Être acteur de son espace
Montons au 16e étage, pour visiter un 4 pièces traversant. De l’intérieur, le jeu de vitrages donne d’emblée du caractère à un lieu de vie qui semble se projeter vers l’extérieur. On vit dans le ciel! Vue imprenable, loin à la ronde, sur la campagne franco-genevoise. De là-haut, le territoire semble d’ailleurs plus vallonné qu’il n’y paraît au sol.
Le salon et la cuisine ouverte se prolongent grâce à un jardin d’hiver inséré entre des panneaux en verre coulissants, allant du sol au plafond. Ces panneaux sont modulables à la fois côté intérieur et extérieur, tandis qu’un troisième vitrage extérieur, à mi-hauteur, sécurise cette pièce de verre. Cette configuration permet au locataire de modeler à sa guise cette attirante pièce vitrée, qui devient balcon aéré en été, jardin d’hiver à la saison froide, avec des apports solaires qui favorisent les économies d’énergie. Ici, point de store électrique ou autre gadget du genre: les rideaux pare-soleil et thermiques se tirent à la main, car l’architecte veut inviter pleinement les habitants à modeler leur confort, à agir sur les pièces.

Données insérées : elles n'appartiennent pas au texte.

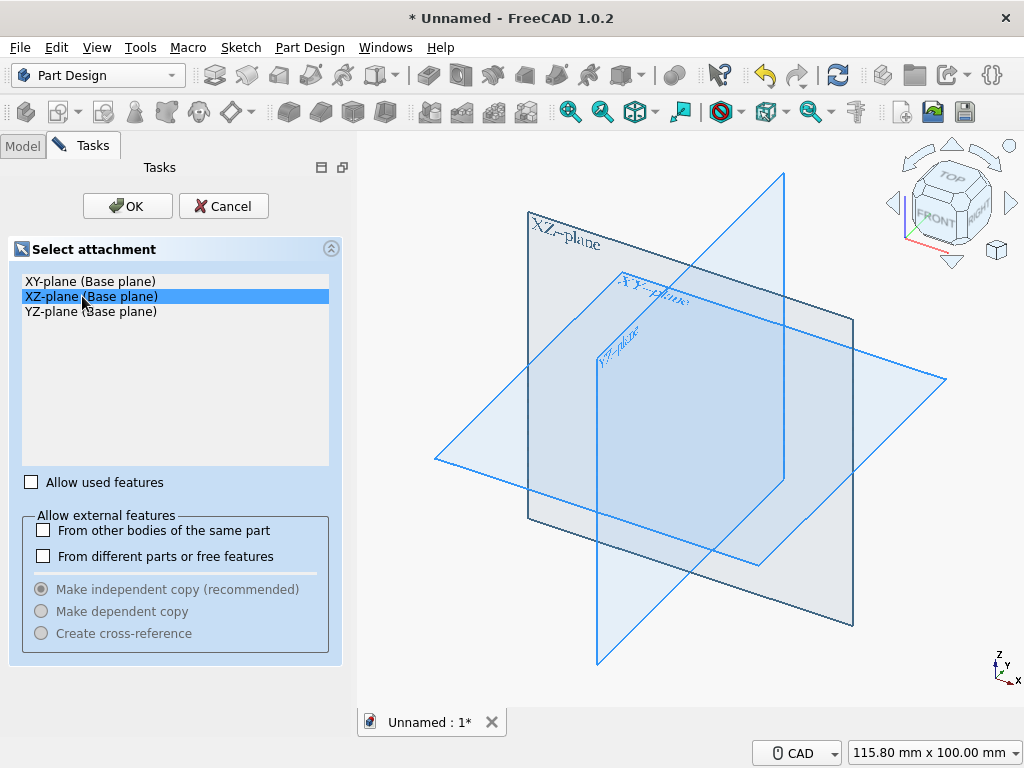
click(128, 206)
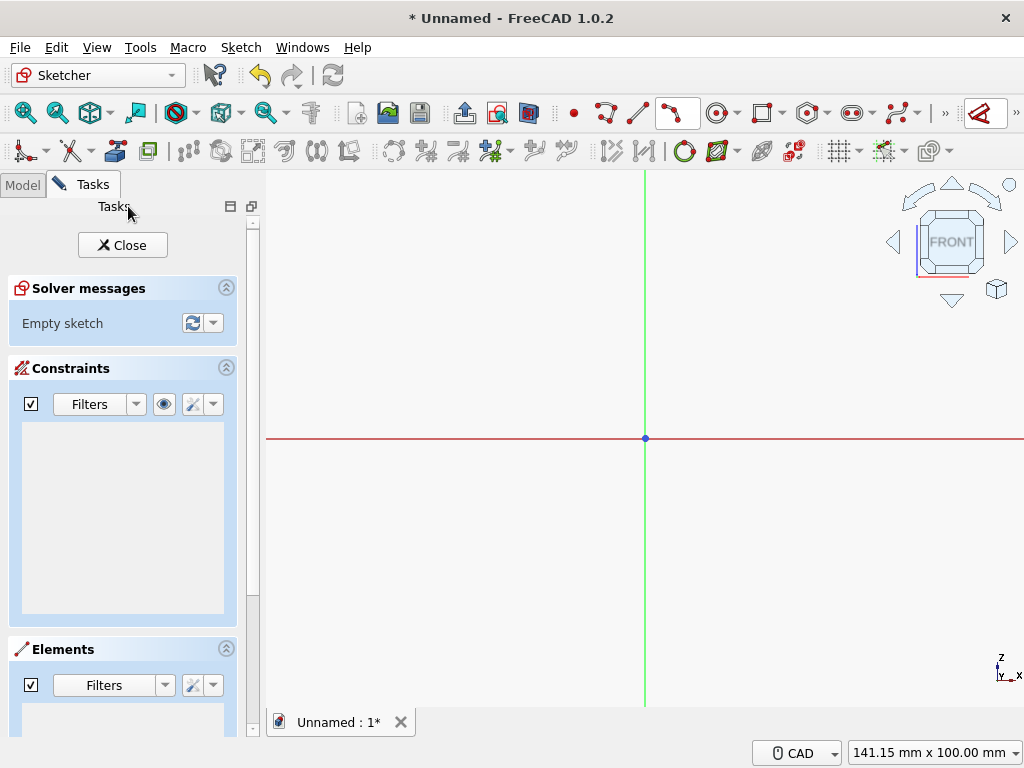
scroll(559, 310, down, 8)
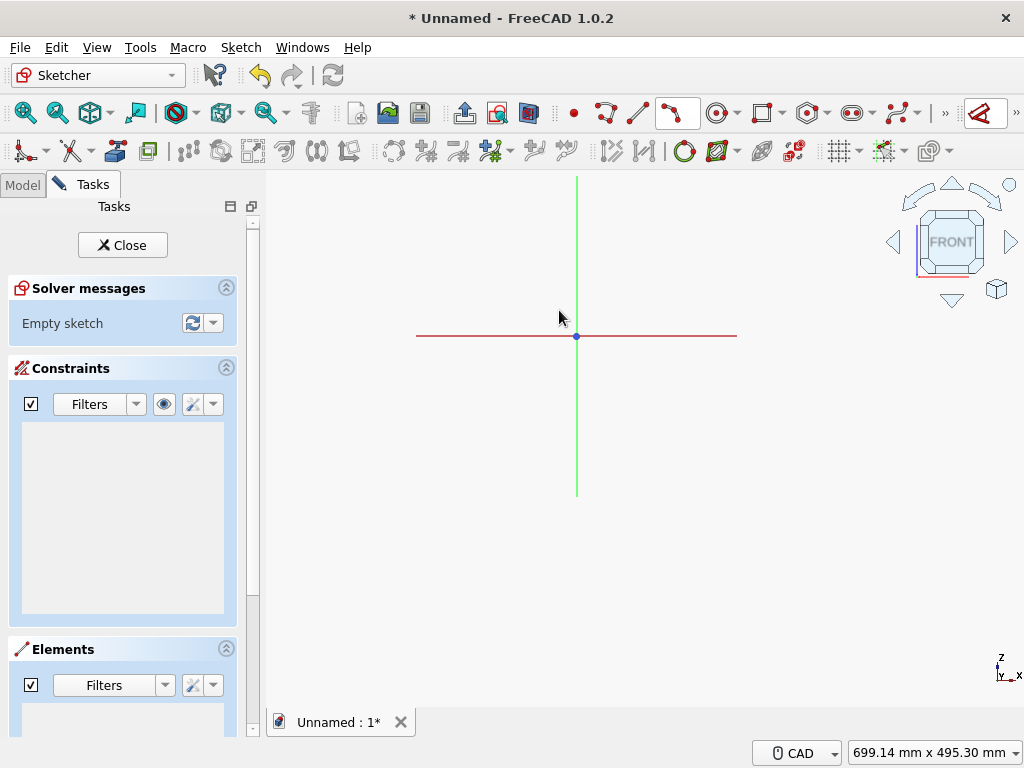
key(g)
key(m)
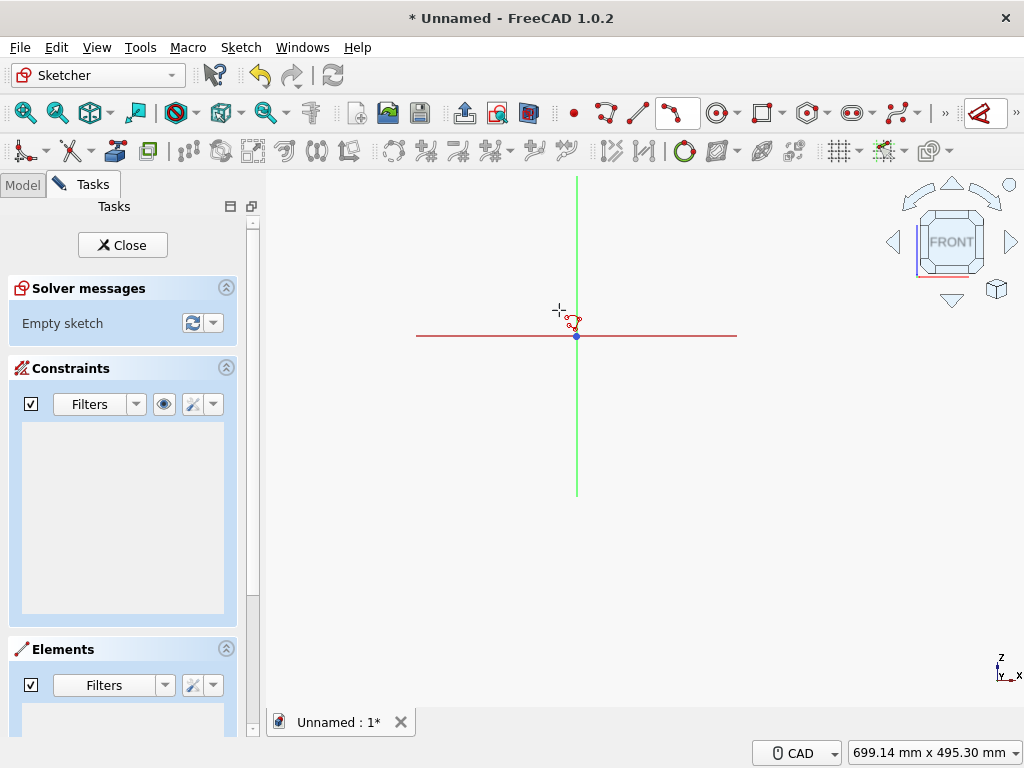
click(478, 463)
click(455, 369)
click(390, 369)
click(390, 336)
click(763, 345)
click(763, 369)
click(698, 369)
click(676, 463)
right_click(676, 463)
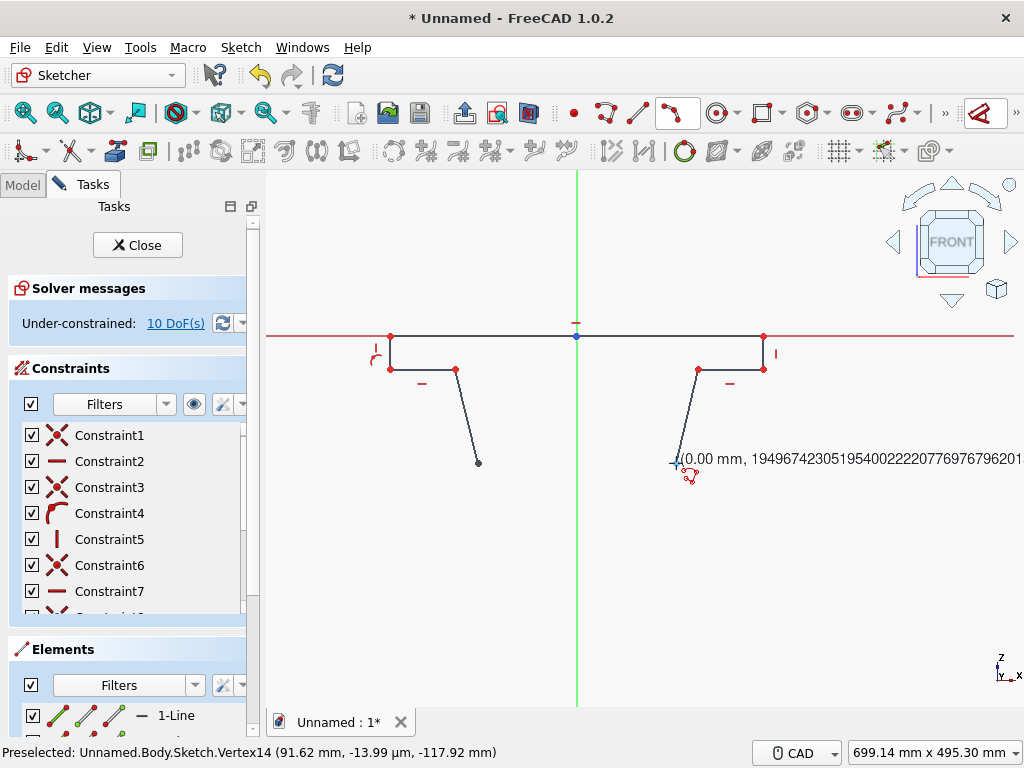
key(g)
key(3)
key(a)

Côté chambres à coucher, on retrouve ce même jardin d’hiver, mais sur un espace plus étroit.

Pour un 4 pièces, dans cette tour aux loyers libres, il faut compter près de 2500 francs avec les charges au 6e étage, 3000 au 12e, près de 3800 pour le 19e. Pas donné, le confort modulable? «On se situe dans les prix du marché libre genevois, note Alexandre Boireau. La tour Opale offre une gamme de logements jusqu’ici peu présente dans la commune.» À ce jour, neuf appartements sont encore disponibles.
Cette opération est réalisée en partenariat avec le Département du territoire.